Contraction des termes aliment et médicament, l'alicament est devenu le nouvel incontournable de l'industrie agroalimentaire. Apparus depuis quelques années dans les rayons des grandes surfaces et des épiceries, les alicaments connaissent depuis un réel succès commercial. Mais sont-ils vraiment aussi efficaces pour la santé de l'homme que leurs concepteurs veulent le faire croire ? L'alicament : nourriture du XXIème siècle ou efficace argument commercial ? Œufs aux Oméga 3, lait aux fibres, yaourts qui vous renouvellent de l'intérieur et laitage "geste santé du matin"… Le frigo a parfois tendance à prendre des allures d'armoire à pharmacie. Arrivés des Etats-Unis et du Japon, où leur succès est phénoménal, les alicaments se sont facilement implantés sur le marché français depuis une dizaine d'années. Aliments traditionnels auxquels ont été rajoutés divers nutriments, sensés aider au maintien, voire à l'amélioration de la santé de l'homme, ils ont immédiatement semblé répondre aux attentes des consommateurs, friands de nouveautés et de plus en plus préoccupés par leur "capital-santé", les scandales de la vache folle et de la listériose étant passés par là.

Réalité scientifique contestable ?

Apparus en éclaireurs, les yaourts au bifidus ont vite été rejoints par une variété de nouveaux produits. Le lait a pris du zinc et du magnésium, les œufs des acides gras. Les céréales se sont vu adjoindre des vitamines et les jus de fruits des minéraux ! Quand au sucre, le voilà récemment passé aux fibres… Le tout pour fortifier notre organisme et améliorer la qualité de notre alimentation. Mais ces vertus thérapeutiques sont-elles aussi réelles que leurs appellations alléchantes l'indiquent ? Les avis sont partagés. Les avantages présentés sont indéniables pour certains produits : la margarine sans cholestérol semble effectivement reconnue comme une innovation intéressante. Mais de l'avis de diététiciens et de médecins, certains des bienfaits avancés appartiennent plus du domaine de l'extrapolation que de la rigueur scientifique. Parfois plus riches en sucre ou en graisse que d'autre aliments de même catégorie, les alicaments conduisent même les consommateurs à ne pas toujours se faire le bien qu'ils croient.

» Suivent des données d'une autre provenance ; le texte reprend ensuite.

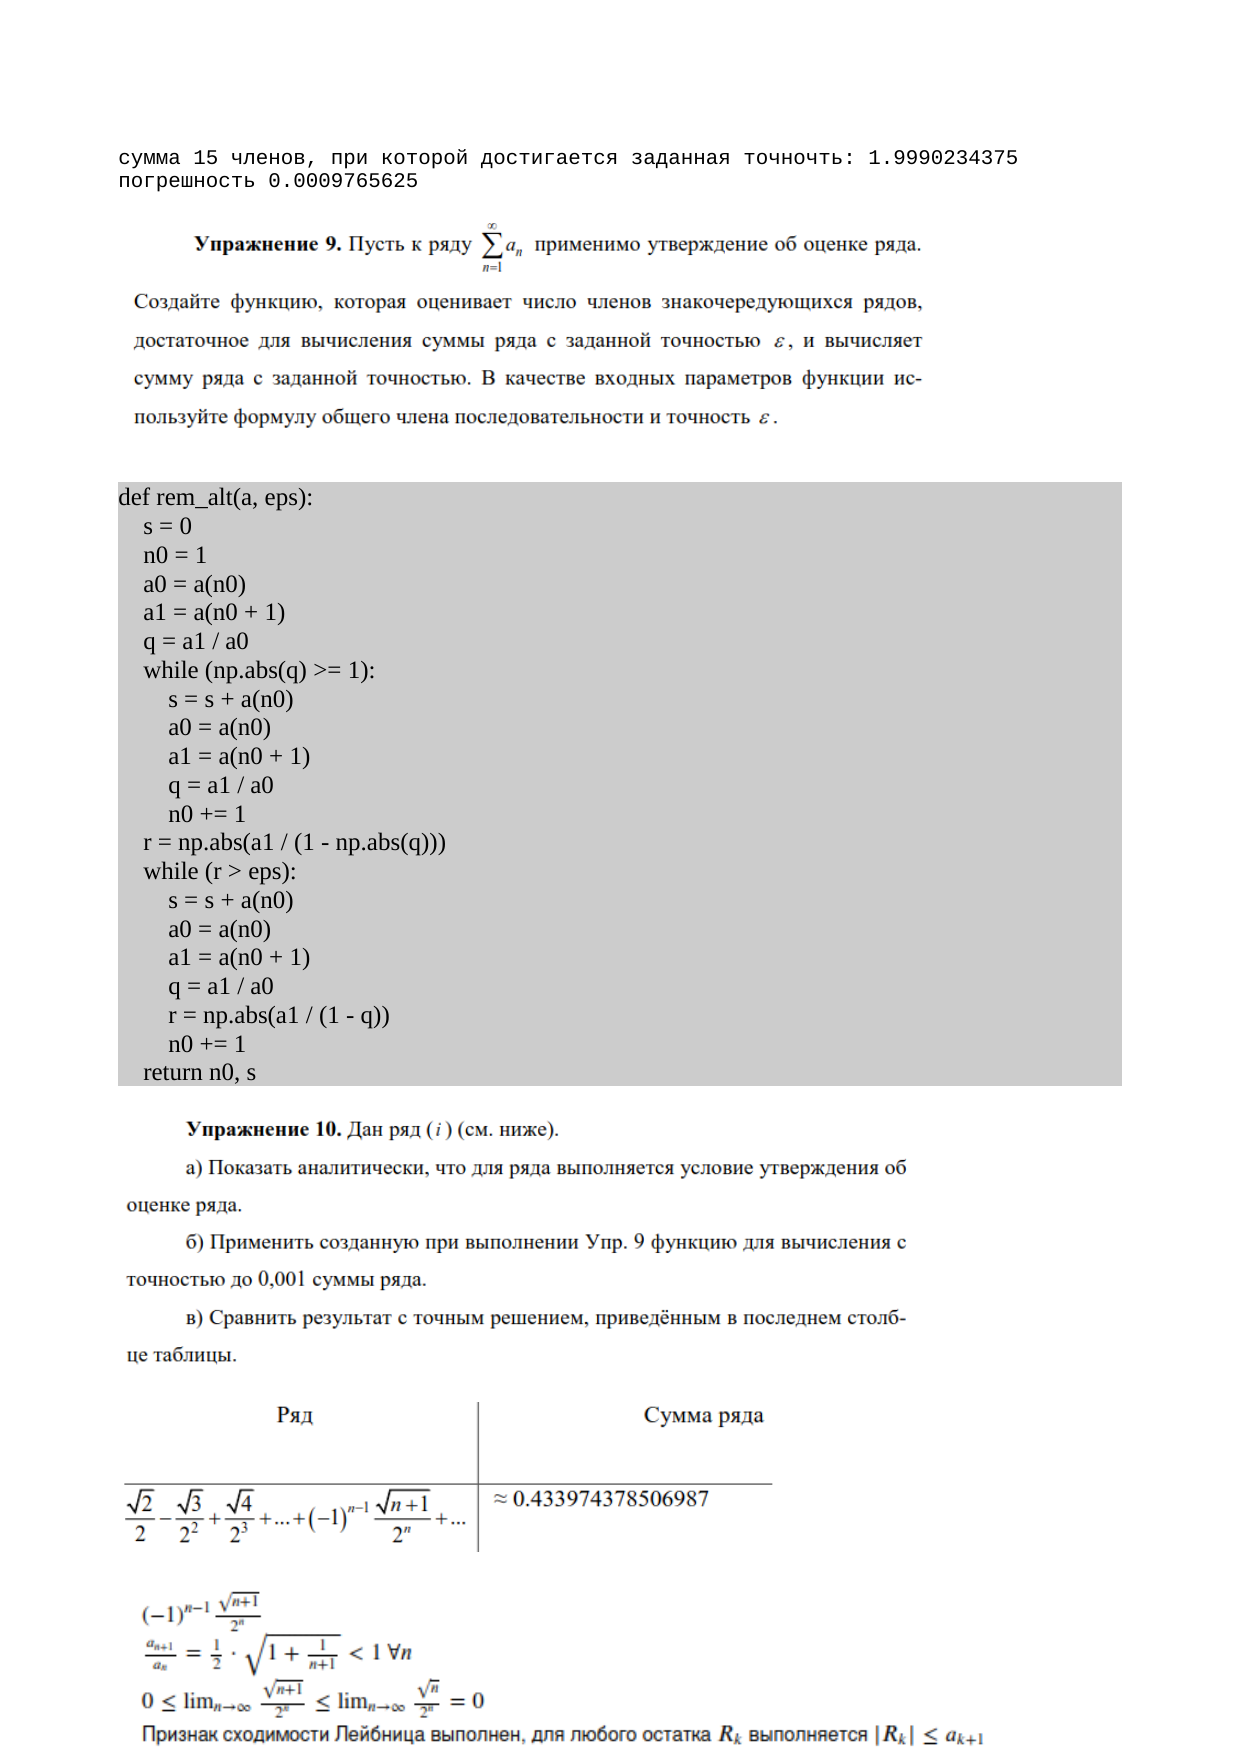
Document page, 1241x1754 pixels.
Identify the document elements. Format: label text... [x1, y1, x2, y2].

text n0 += 1 [118, 799, 1122, 827]
picture [120, 1115, 918, 1368]
text s = s + a(n0) [118, 885, 1122, 914]
picture [125, 1586, 1003, 1754]
text while (np.abs(q) >= 1): [118, 655, 1122, 684]
text n0 += 1 [118, 1029, 1122, 1057]
text s = 0 [118, 511, 1122, 540]
picture [124, 1402, 773, 1552]
picture [124, 223, 929, 430]
text s = s + a(n0) [118, 684, 1122, 712]
text r = np.abs(a1 / (1 - q)) [118, 1000, 1122, 1029]
text сумма 15 членов, при которой достигается заданная точночть: 1.9990234375 [118, 147, 1122, 171]
text return n0, s [118, 1057, 1122, 1086]
text while (r > eps): [118, 856, 1122, 885]
text a1 = a(n0 + 1) [118, 597, 1122, 626]
text q = a1 / a0 [118, 971, 1122, 1000]
text a0 = a(n0) [118, 712, 1122, 741]
text a1 = a(n0 + 1) [118, 741, 1122, 770]
text погрешность 0.0009765625 [118, 171, 1122, 194]
text def rem_alt(a, eps): [118, 482, 1122, 511]
text q = a1 / a0 [118, 770, 1122, 799]
text a0 = a(n0) [118, 569, 1122, 597]
text q = a1 / a0 [118, 626, 1122, 655]
text a1 = a(n0 + 1) [118, 942, 1122, 971]
text a0 = a(n0) [118, 914, 1122, 942]
text r = np.abs(a1 / (1 - np.abs(q))) [118, 827, 1122, 856]
text n0 = 1 [118, 540, 1122, 569]

Imprécisions et raccourcis

La légèreté des preuves médicales avancées, l'imprécision des avantages procurés ou les raccourcis abusifs contribuent aussi à décrédibiliser le propos. Alors qu'ils sont surtout adaptés aux besoins spécifiques de publics particuliers, carencés en nutriment ou traversant une période où les apports peuvent être conseillés (personnes âgées, femmes enceintes), les alicaments s'adressent à tous et ne mentionnent que rarement la cible pour laquelle ils seraient vraiment utiles. Enfin, véritable plus-value, l'argument médical a aussi pour effet d'augmenter considérablement le prix de ces produits. Elaborés pour améliorer à grande échelle la santé humaine, les alicaments pourraient paradoxalement conduire à augmenter la confusion du consommateur face à son alimentation. Le recours généralisé à des aliments vantés comme meilleurs pour l'organisme ne risque-t-il pas de faire oublier qu'une alimentation saine pour le corps passe avant tout par une nourriture équilibrée, fournissant à elle seule tous les éléments et nutriments indispensables. Une règle simple, dont l'efficacité scientifique n'a pas besoin d'être prouvée.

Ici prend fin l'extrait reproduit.